After locating the line that contains "losing the race.</text>" in the data below, set down exactly that line and each one after it through the line that contains "GTOs to the</text>", and nothing more.

++++ Excerpted data

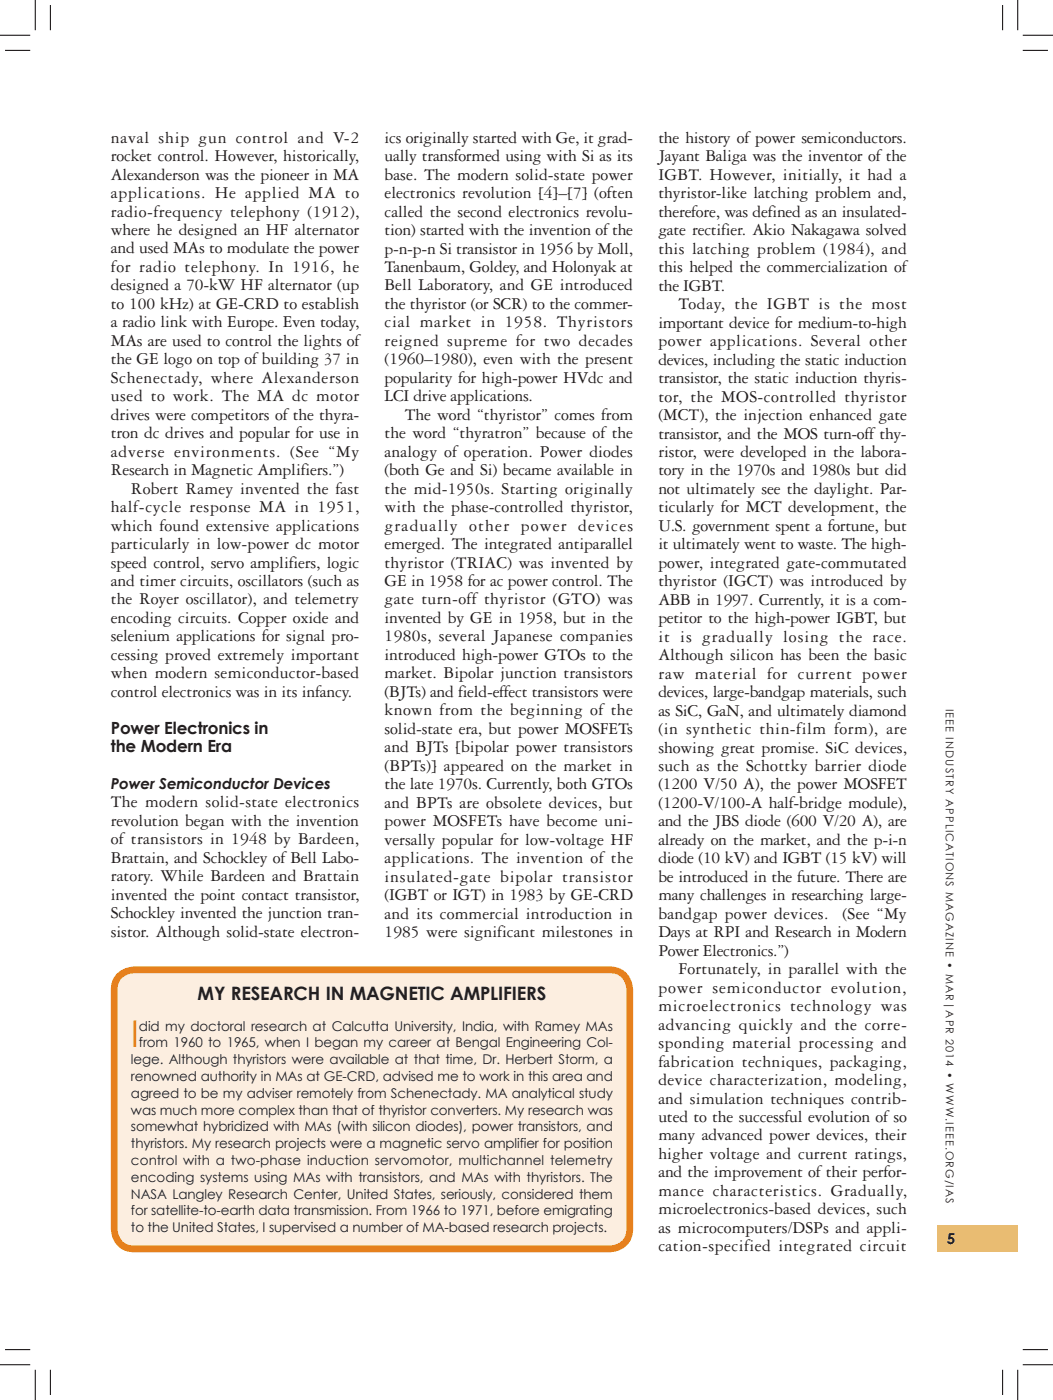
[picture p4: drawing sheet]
<svg xmlns="http://www.w3.org/2000/svg" width="221mm" height="294mm" viewBox="0 0 221 294" stroke-linecap="round" stroke-linejoin="round" font-family="sans-serif">
<defs><g id="words">
<text font-size="7.7" fill="#e6801d" x="27.5" y="220.1">I</text>
<g font-size="3.9" fill="#231f20">
<text x="41.5" y="210.3">My r se</text>
<text x="48.5" y="210.3">e</text>
<text x="54.7" y="210.3">a</text>
<text x="54.7" y="210.3">r</text>
<text x="54.7" y="210.3">c</text>
<text x="54.7" y="210.3">h</text>
<text x="68.4" y="210.3">in m</text>
<text x="73.5" y="210.3">a</text>
<text x="73.5" y="210.3">g</text>
<text x="83" y="210.3">net ic a</text>
<text x="94.6" y="210.3">m</text>
<text x="94.6" y="210.3">p</text>
<text x="103" y="210.3">lifie s</text>
<text x="108.6" y="210.3">r</text>
</g>
<g font-size="3.7" fill="#231f20">
<text x="23.3" y="30">naval ship gun control and V-2</text>
<text x="80.8" y="30">ics originally started with Ge, it grad-</text>
<text x="23.3" y="33.9">rocket control. However, historically,</text>
<text x="80.8" y="33.9">ually transformed using with Si as its</text>
<text x="138.3" y="30">the history of power semiconductors.</text>
<text x="138.3" y="33.9">Jayant Baliga was the inventor of the</text>
<text x="23.3" y="37.7">Alexanderson was the pioneer in MA</text>
<text x="23.3" y="41.6">applications. He applied MA to</text>
<text x="80.8" y="37.8">base. The modern solid-state power</text>
<text x="80.8" y="41.6">electronics revolution [4]–[7] (often</text>
<text x="138.3" y="37.8">IGBT. However, initially, it had a</text>
<text x="138.3" y="41.7">thyristor-like latching problem and,</text>
<text x="23.3" y="45.5">radio-frequency telephony (1912),</text>
<text x="80.8" y="45.5">called the second electronics revolu-</text>
<text x="138.3" y="45.6">therefore, was defined as an insulated-</text>
<text x="23.3" y="49.4">where he designed an HF alternator</text>
<text x="23.3" y="53.3">and used MAs to modulate the power</text>
<text x="80.8" y="49.4">tion) started with the invention of the</text>
<text x="80.8" y="53.3">p-n-p-n Si transistor in 1956 by Moll,</text>
<text x="138.3" y="49.5">gate rectifier. Akio Nakagawa solved</text>
<text x="138.3" y="53.3">this latching problem (1984), and</text>
<text x="23.3" y="57.2">for radio telephony. In 1916, he</text>
<text x="80.8" y="57.2">Tanenbaum, Goldey, and Holonyak at</text>
<text x="138.3" y="57.2">this helped the commercialization of</text>
<text x="23.3" y="61">designed a 70-kW HF alternator (up</text>
<text x="23.3" y="64.9">to 100 kHz) at GE-CRD to establish</text>
<text x="80.8" y="61">Bell Laboratory, and GE introduced</text>
<text x="80.8" y="64.9">the thyristor (or SCR) to the commer-</text>
<text x="138.3" y="61.1">the IGBT.</text>
<text x="142.5" y="65">Today, the IGBT is the most</text>
<text x="23.3" y="68.8">a radio link with Europe. Even today,</text>
<text x="80.8" y="68.8">cial market in 1958. Thyristors</text>
<text x="138.3" y="68.9">important device for medium-to-high</text>
<text x="23.3" y="72.7">MAs are used to control the lights of</text>
<text x="23.3" y="76.6">the GE logo on top of building 37 in</text>
<text x="80.8" y="72.7">reigned supreme for two decades</text>
<text x="80.8" y="76.6">(1960–1980), even with the present</text>
<text x="138.3" y="72.7">power applications. Several other</text>
<text x="138.3" y="76.6">devices, including the static induction</text>
<text x="23.3" y="80.4">Schenectady, where Alexanderson</text>
<text x="80.8" y="80.5">popularity for high-power HVdc and</text>
<text x="138.3" y="80.5">transistor, the static induction thyris-</text>
<text x="23.3" y="84.3">used to work. The MA dc motor</text>
<text x="23.3" y="88.2">drives were competitors of the thyra-</text>
<text x="80.8" y="84.3">LCI drive applications.</text>
<text x="85" y="88.2">The word “thyristor” comes from</text>
<text x="138.3" y="84.4">tor, the MOS-controlled thyristor</text>
<text x="138.3" y="88.3">(MCT), the injection enhanced gate</text>
<text x="23.3" y="92.1">tron dc drives and popular for use in</text>
<text x="23.3" y="96">adverse environments. (See “My</text>
<text x="80.8" y="92.1">the word “thyratron” because of the</text>
<text x="80.8" y="96">analogy of operation. Power diodes</text>
<text x="138.3" y="92.2">transistor, and the MOS turn-off thy-</text>
<text x="23.3" y="99.9">Research in Magnetic Amplifiers.”)</text>
<text x="80.8" y="99.9">(both Ge and Si) became available in</text>
<text x="138.3" y="96">ristor, were developed in the labora-</text>
<text x="138.3" y="99.9">tory in the 1970s and 1980s but did</text>
<text x="23.3" y="107.6">half-cycle response MA in 1951,</text>
<text x="27.5" y="103.7">Robert Ramey invented the fast</text>
<text x="80.8" y="103.7">the mid-1950s. Starting originally</text>
<text x="80.8" y="107.6">with the phase-controlled thyristor,</text>
<text x="138.3" y="103.8">not ultimately see the daylight. Par-</text>
<text x="138.3" y="107.7">ticularly for MCT development, the</text>
<text x="23.3" y="111.5">which found extensive applications</text>
<text x="80.8" y="111.5">gradually other power devices</text>
<text x="138.3" y="111.6">U.S. government spent a fortune, but</text>
<text x="23.3" y="115.4">particularly in low-power dc motor</text>
<text x="23.3" y="119.3">speed control, servo amplifiers, logic</text>
<text x="80.8" y="115.4">emerged. The integrated antiparallel</text>
<text x="80.8" y="119.3">thyristor (TRIAC) was invented by</text>
<text x="138.3" y="115.4">it ultimately went to waste. The high-</text>
<text x="138.3" y="119.3">power, integrated gate-commutated</text>
<text x="23.3" y="123.1">and timer circuits, oscillators (such as</text>
<text x="80.8" y="123.2">GE in 1958 for ac power control. The</text>
<text x="138.3" y="123.2">thyristor (IGCT) was introduced by</text>
<text x="23.3" y="127">the Royer oscillator), and telemetry</text>
<text x="23.3" y="130.9">encoding circuits. Copper oxide and</text>
<text x="80.8" y="127">gate turn-off thyristor (GTO) was</text>
<text x="80.8" y="130.9">invented by GE in 1958, but in the</text>
<text x="138.3" y="127.1">ABB in 1997. Currently, it is a com-</text>
<text x="138.3" y="131">petitor to the high-power IGBT, but</text>
<text x="23.3" y="134.8">selenium applications for signal pro-</text>
<text x="80.8" y="134.8">1980s, several Japanese companies</text>
<text x="138.3" y="134.9">it is gradually losing the race.</text>
<text x="23.3" y="138.7">cessing proved extremely important</text>
<text x="23.3" y="142.6">when modern semiconductor-based</text>
<text x="80.8" y="138.7">introduced high-power GTOs to the</text>
<text x="80.8" y="142.6">market. Bipolar junction transistors</text>
<text x="138.3" y="138.7">Although silicon has been the basic</text>
<text x="138.3" y="142.6">raw material for current power</text>
<text x="23.3" y="146.4">control electronics was in its infancy.</text>
<text x="80.8" y="146.4">(BJTs) and field-effect transistors were</text>
<text x="138.3" y="146.5">devices, large-bandgap materials, such</text>
<text x="80.8" y="150.3">known from the beginning of the</text>
<text x="80.8" y="154.2">solid-state era, but power MOSFETs</text>
<text x="138.3" y="150.4">as SiC, GaN, and ultimately diamond</text>
<text x="138.3" y="154.3">(in synthetic thin-film form), are</text>
<text x="80.8" y="158.1">and BJTs [bipolar power transistors</text>
<text x="80.8" y="162">(BPTs)] appeared on the market in</text>
<text x="138.3" y="158.2">showing great promise. SiC devices,</text>
<text x="80.8" y="165.9">the late 1970s. Currently, both GTOs</text>
<text x="138.3" y="162">such as the Schottky barrier diode</text>
<text x="138.3" y="165.9">(1200 V/50 A), the power MOSFET</text>
<text x="23.3" y="169.7">The modern solid-state electronics</text>
<text x="23.3" y="173.6">revolution began with the invention</text>
<text x="80.8" y="169.7">and BPTs are obsolete devices, but</text>
<text x="80.8" y="173.6">power MOSFETs have become uni-</text>
<text x="138.3" y="169.8">(1200-V/100-A half-bridge module),</text>
<text x="138.3" y="173.7">and the JBS diode (600 V/20 A), are</text>
<text x="23.3" y="177.4">of transistors in 1948 by Bardeen,</text>
<text x="80.8" y="177.5">versally popular for low-voltage HF</text>
<text x="138.3" y="177.6">already on the market, and the p-i-n</text>
<text x="23.3" y="181.3">Brattain, and Schockley of Bell Labo-</text>
<text x="23.3" y="185.2">ratory. While Bardeen and Brattain</text>
<text x="80.8" y="181.4">applications. The invention of the</text>
<text x="80.8" y="185.3">insulated-gate bipolar transistor</text>
<text x="138.3" y="181.4">diode (10 kV) and IGBT (15 kV) will</text>
<text x="138.3" y="185.3">be introduced in the future. There are</text>
<text x="23.3" y="189.1">invented the point contact transistor,</text>
<text x="80.8" y="189.1">(IGBT or IGT) in 1983 by GE-CRD</text>
<text x="138.3" y="189.2">many challenges in researching large-</text>
<text x="23.3" y="193">Schockley invented the junction tran-</text>
<text x="23.3" y="196.9">sistor. Although solid-state electron-</text>
<text x="80.8" y="193">and its commercial introduction in</text>
<text x="80.8" y="196.9">1985 were significant milestones in</text>
<text x="138.3" y="193.1">bandgap power devices.</text>
<text x="138.3" y="197">Days at RPI and Research in Modern</text>
<text x="177" y="193.1">(See “My</text>
<text x="138.3" y="200.9">Power Electronics.”)</text>
<text x="138.3" y="208.6">power semiconductor evolution,</text>
<text x="142.5" y="204.7">Fortunately, in parallel with the</text>
<text x="138.3" y="212.5">microelectronics technology was</text>
<text x="138.3" y="220.3">sponding material processing and</text>
<text x="138.3" y="216.4">advancing quickly and the corre-</text>
<text x="138.3" y="224.1">fabrication techniques, packaging,</text>
<text x="138.3" y="228">device characterization, modeling,</text>
<text x="138.3" y="231.9">and simulation techniques contrib-</text>
<text x="138.3" y="235.8">uted to the successful evolution of so</text>
<text x="138.3" y="239.7">many advanced power devices, their</text>
<text x="138.3" y="243.6">higher voltage and current ratings,</text>
<text x="138.3" y="247.4">and the improvement of their perfor-</text>
<text x="138.3" y="251.3">mance characteristics. Gradually,</text>
<text x="138.3" y="255.2">microelectronics-based devices, such</text>
<text x="138.3" y="259.1">as microcomputers/DSPs and appli-</text>
<text x="138.3" y="263">cation-specified integrated circuit</text>
</g>
<g font-size="3.5" fill="#231f20">
<text x="23.3" y="154.2">Power Electronics in</text>
<text x="23.3" y="158">the Modern Era</text>
</g>
<g font-size="3.2" fill="#231f20">
<text x="23.3" y="165.8">Power Semiconductor Devices</text>
<text x="198.9" y="261.5">5</text>
</g>
<g font-size="2.8" fill="#231f20">
<text x="29.2" y="220.1">from 1960 to 1965, when I began my career at Bengal Engineering Col-</text>
<text x="29.2" y="216.6">did my doctoral research at Calcutta U niversity, India, with Ramey MAs</text>
<text x="27.5" y="227.2">renowned authority in MAs at GE-C</text>
<text x="27.5" y="223.7">lege. Although thyristors were available at that time, Dr. Herbert Storm, a</text>
<text x="72.8" y="227.2">R</text>
<text x="72.8" y="227.2">D</text>
<text x="78.9" y="227.2">, advised me to work in this area and</text>
<text x="27.5" y="230.7">agreed to be my adviser remotely from Schenectady. MA analytical study</text>
<text x="27.5" y="234.2">was much more complex than that of thyristor converters. My research was</text>
<text x="27.5" y="237.8">somewhat hybridized with MAs (with silicon diodes), power transistors, and</text>
<text x="27.5" y="241.3">thyristors. My research projects were a magnetic servo amplifier for position</text>
<text x="27.5" y="244.8">control with a two-phase induction servomotor, multichannel telemetry</text>
<text x="27.5" y="251.9">NASA Langley Research Center, U nited States, seriously, considered them</text>
<text x="27.5" y="248.4">encoding systems using MAs with transistors, and MAs with thyristors. The</text>
<text x="27.5" y="255.4">for satellite-to-earth data transmission. From 1966 to 1971, before emigrating</text>
<text x="27.5" y="258.9">to the U nited States, I supervised a number of MA-based research projects.</text>
</g>
<g font-size="2.3" fill="#231f20">
<text x="198.7" y="149" transform="rotate(90 198.7 149)">IEEE Industry Appli cati ons Magazi ne • MAR |AP 2014 • www.i .org/i s</text>
<text x="198.7" y="214.3" transform="rotate(90 198.7 214.3)">R</text>
<text x="198.7" y="235.8" transform="rotate(90 198.7 235.8)">e</text>
<text x="198.7" y="249.1" transform="rotate(90 198.7 249.1)">a</text>
</g>
</g></defs>
<path d="M196.8 257.5h17v5.6h-17z" fill="#e3bf67"/>
<path d="M25.1 205.1a4.9 4.9 0 0 1 3.1-1.3h99.9a4.1 4.1 0 0 1 4.2 4.3v50.1a4.1 4.1 0 0 1-4.2 4.3h-99.9a4.1 4.1 0 0 1-4.2-4.3v-50.1l.1-1.3 .4-1z" fill="#fceee0"/>
<path d="M25.1 205.1a4.9 4.9 0 0 1 3.1-1.3h99.9a4.1 4.1 0 0 1 4.2 4.3v50.1a4.1 4.1 0 0 1-4.2 4.3h-99.9a4.1 4.1 0 0 1-4.2-4.3v-50.1l.1-1.3 .4-1z" fill="none" stroke="#e6801d" stroke-width="1.4" stroke-linecap="butt"/>
<g fill="none" stroke="#fff" stroke-width=".44">
<path d="M0 7.4h6.3M1.1 10.6h5.2M7.4 0v6.4M10.6 1.1v5.2M210.6 1.1v5.2M213.8 0v6.4M214.8 10.6h5.3M214.8 7.4h6.4M0 286.8h6.3M1.1 283.6h5.2M7.4 287.9v6.3M10.6 287.9v5.3"/>
<path d="M210.6 287.9v5.3M213.8 287.9v6.3M214.8 283.6h5.3M214.8 286.8h6.4"/>
</g>
<g fill="none" stroke="#000" stroke-width=".21">
<path d="M0 7.4h6.3M1.1 10.6h5.2M7.4 0v6.4M10.6 1.1v5.2M210.6 1.1v5.2M213.8 0v6.4M214.8 10.6h5.3M214.8 7.4h6.4M0 286.8h6.3M1.1 283.6h5.2M7.4 287.9v6.3M10.6 287.9v5.3"/>
<path d="M210.6 287.9v5.3M213.8 287.9v6.3M214.8 283.6h5.3M214.8 286.8h6.4"/>
</g>
<use href="#words"/>
</svg>

++++++++

#### Result below:
<text x="138.3" y="134.9">it is gradually losing the race.</text>
<text x="23.3" y="138.7">cessing proved extremely important</text>
<text x="23.3" y="142.6">when modern semiconductor-based</text>
<text x="80.8" y="138.7">introduced high-power GTOs to the</text>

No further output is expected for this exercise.